2. No dia 07.03.2006, a Impugnante foi notificada, na pessoa do sócio gerente, do procedimento de inspecção n.º DI200600.... para consulta, recolha e cruzamento de elementos relativamente aos exercícios de 2002, 2003, 2004 e 2005 - cfr. informação a fls.40 do PAT, cujo conteúdo se dá por reproduzido;

a. O procedimento foi iniciado em 07.03.2006 e foi concluído em 09.08.2007 - cfr. fls. 32 do PAT, cujo conteúdo se dá por reproduzido;

b. No dia 07.3.2006 foram recolhidas as bases de dados do software relativas ao período anterior a 30.06.2005 - cfr. fls. 12 do relatório de inspecção tributária, que consta a fls. 54 do PAT, cujo conteúdo se dá por reproduzido;

c. No mesmo dia, os Serviços de Inspecção Tributária efectuaram o termo de entrega junto a fls. 32 do PAT, cujo conteúdo se dá por reproduzido;

d. Consta do termo terem sido efectuadas duas cópias em CD não regravável - cfr. fls. 12 do relatório de inspecção tributária, que consta a fls. 54 do PAT, cujo conteúdo se dá por reproduzido;

e.

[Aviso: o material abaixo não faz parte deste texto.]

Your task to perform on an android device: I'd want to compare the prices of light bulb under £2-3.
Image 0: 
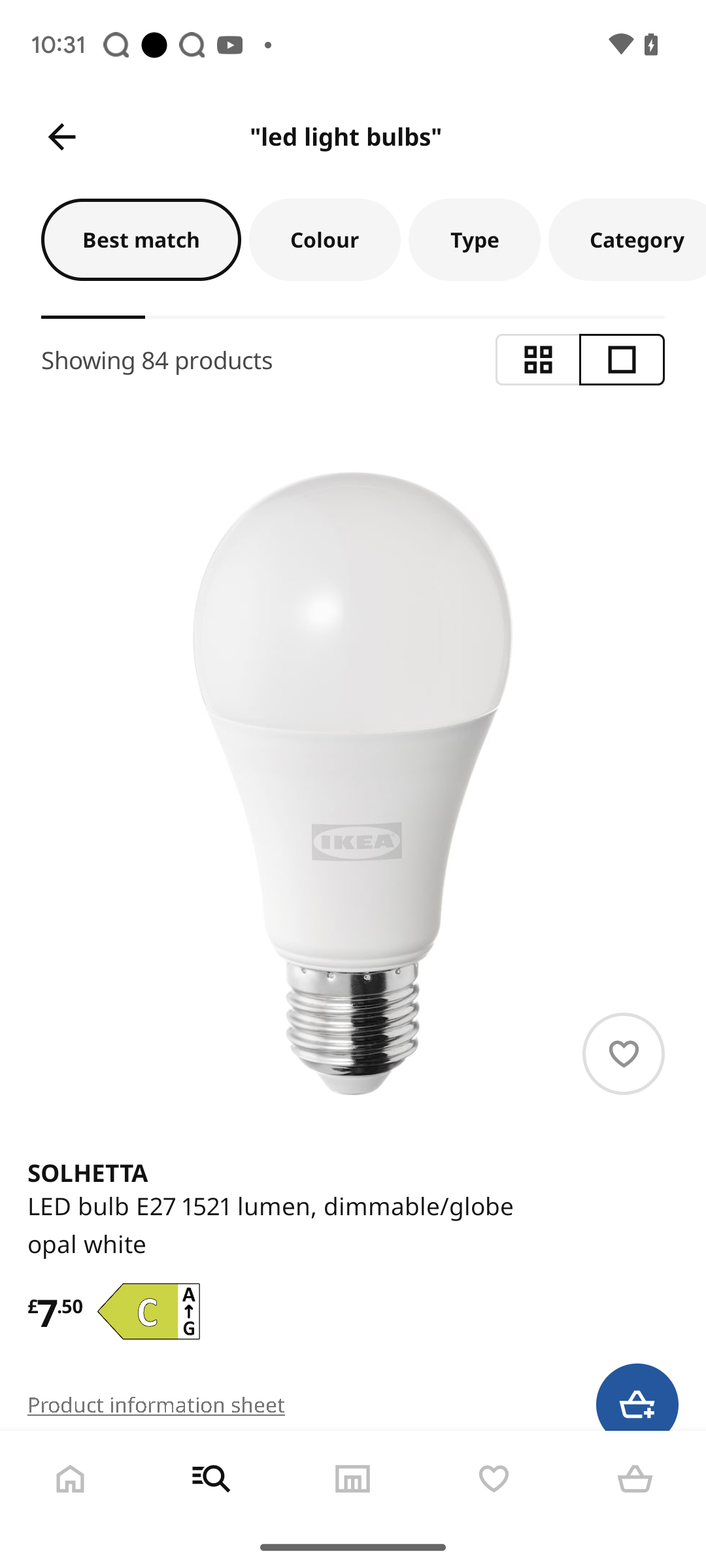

Com data de 10.03.2006 foi lavrada informação referente aos elementos recolhidos nesta acção - cfr. fls. 39 a 44 dos autos, cujo conteúdo se dá por reproduzido.

3. Em 12.06.2006, foi proferido o despacho n.º 201200601... para procedimento de Inspecção nos termos dos n.º 4 e 5 do artigo 46.º do RCPIT, "para consulta, recolha e cruzamento de elementos" - cfr. fls. 37 do PAT, cujo conteúdo se dá por reproduzido;

a. Este procedimento teve início em 12.06.2006 - cfr. fls. 37 do PAT, cujo conteúdo se dá por reproduzido:

b. E foi concluído em 09.08.007 - cfr.fls.38 do PAT, cujo conteúdo se dá por reproduzido;

4. Em 05.06.2007, foi emitido o despacho n.º DI200701... também para "consulta, recolha e cruzamento de elementos” dos exercícios de 2004 e 2005 - cfr. fls. 48 dos autos, cujo conteúdo se dá por reproduzido;

a. Este procedimento teve início em 23.07.2007, antes de estarem concluídos os procedimentos iniciados pelo despacho DI200600.... de 06.03.2006 e DI200601... de 12.06.2006;

b. No âmbito desta Dl200701..., em 18.10.2007, foi o sócio gerente da Impugnante notificado para prestar esclarecimentos relativamente às aquisições de pescado registadas na conta 2212…- cfr. fls. 49 dos autos, cujo conteúdo se dá por reproduzido;

c. Até à data da apresentação da petição inicial não foi a Impugnante notificada da conclusão do procedimento iniciado com a DI200701...;

5. Em cumprimento da OS OI200701..., de 27.07.2007, foi a Impugnante notificada na pessoa do seu gerente da carta aviso mencionando que «a muito curto prazo se deslocará à morada acima referenciada, técnico dos Serviços de Inspecção Tributária» - cfr. fls. 30 e 31 do PAT, cujo conteúdo se dá por reproduzido;

a. A carta aviso foi emitida com data de 31.03.2007 - cfr. fls. 31do PAT cujo conteúdo se dá por reproduzido;

b. O procedimento de inspecção foi iniciado em 09.08.2007 (cfr. fls.34 do PAT, cujo conteúdo se dá por reproduzido) e concluído em 16.08.2007 (cfr. fls. 53 dos autos, cujo conteúdo se dá por reproduzido);

c. O relatório é constituído por 27 páginas e vários anexos.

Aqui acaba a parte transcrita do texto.